Exercise goal → In the entries below, find the line containing "Using the picture" and the line containing "1. name: x y z sx sy sz roll pitch yaw". Copy those two lines and everything between them exactly, and only that.

Record set →

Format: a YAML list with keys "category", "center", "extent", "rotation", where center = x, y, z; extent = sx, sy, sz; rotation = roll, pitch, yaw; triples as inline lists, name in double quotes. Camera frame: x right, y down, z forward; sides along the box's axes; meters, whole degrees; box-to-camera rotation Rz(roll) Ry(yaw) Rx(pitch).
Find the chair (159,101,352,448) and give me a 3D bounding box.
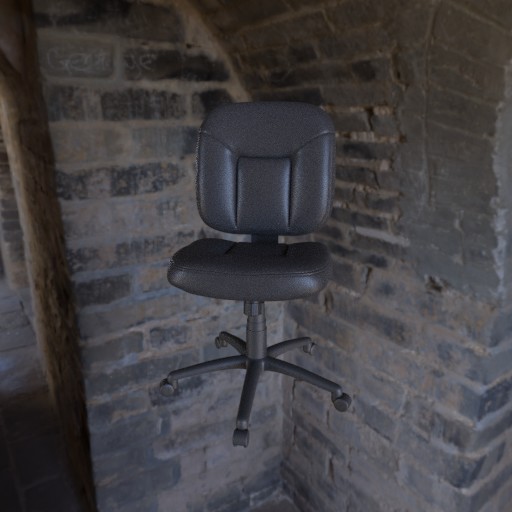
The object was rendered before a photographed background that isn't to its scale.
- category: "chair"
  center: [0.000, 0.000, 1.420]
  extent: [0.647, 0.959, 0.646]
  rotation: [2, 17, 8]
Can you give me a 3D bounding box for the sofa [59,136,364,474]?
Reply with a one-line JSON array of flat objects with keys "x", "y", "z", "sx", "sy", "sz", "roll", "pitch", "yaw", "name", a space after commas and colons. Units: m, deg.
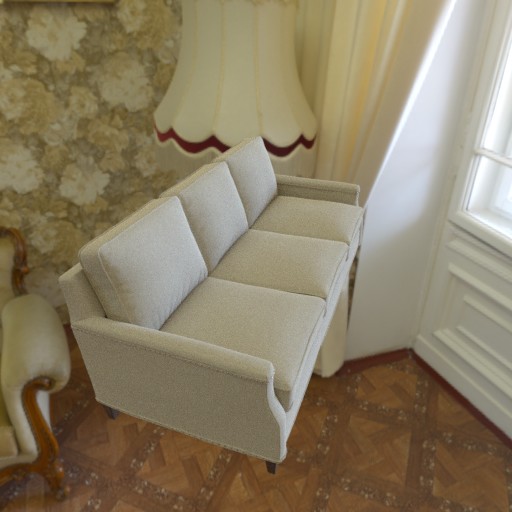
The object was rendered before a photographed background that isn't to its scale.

...

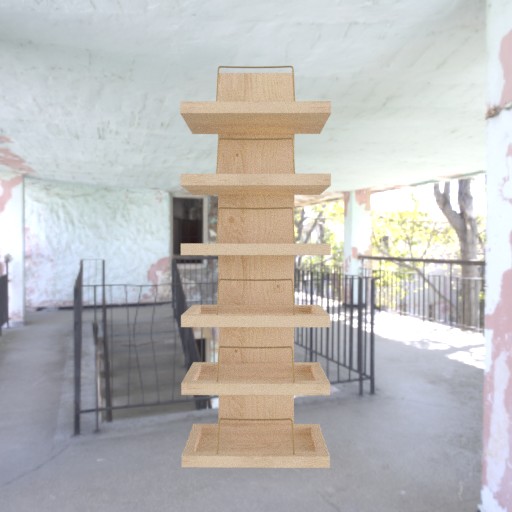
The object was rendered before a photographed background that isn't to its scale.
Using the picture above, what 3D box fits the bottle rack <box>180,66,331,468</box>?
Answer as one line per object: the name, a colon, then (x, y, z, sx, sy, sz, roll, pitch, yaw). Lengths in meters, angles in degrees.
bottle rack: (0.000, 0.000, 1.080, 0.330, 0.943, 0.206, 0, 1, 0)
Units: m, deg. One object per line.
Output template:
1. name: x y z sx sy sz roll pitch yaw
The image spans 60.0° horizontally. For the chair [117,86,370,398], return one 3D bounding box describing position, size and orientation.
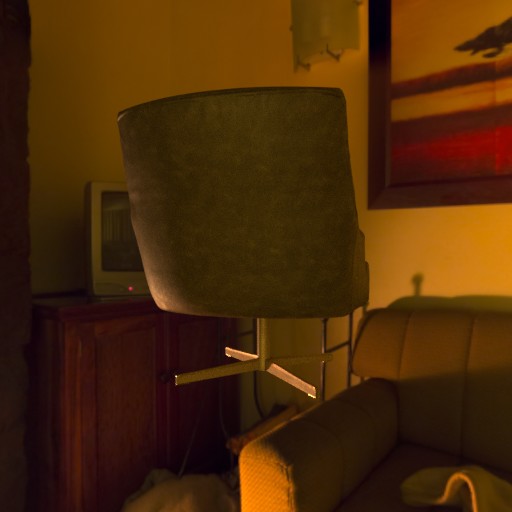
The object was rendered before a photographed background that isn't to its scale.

Exercise answer →
Using the picture above, what 3D box fits the bottle rack <box>180,66,331,468</box>?
Answer as one line per object: the name, a colon, then (x, y, z, sx, sy, sz, roll, pitch, yaw). Lengths in meters, angles in degrees.
bottle rack: (0.000, 0.000, 1.080, 0.330, 0.943, 0.206, 0, 1, 0)
Units: m, deg. One object per line.
Output template:
1. name: x y z sx sy sz roll pitch yaw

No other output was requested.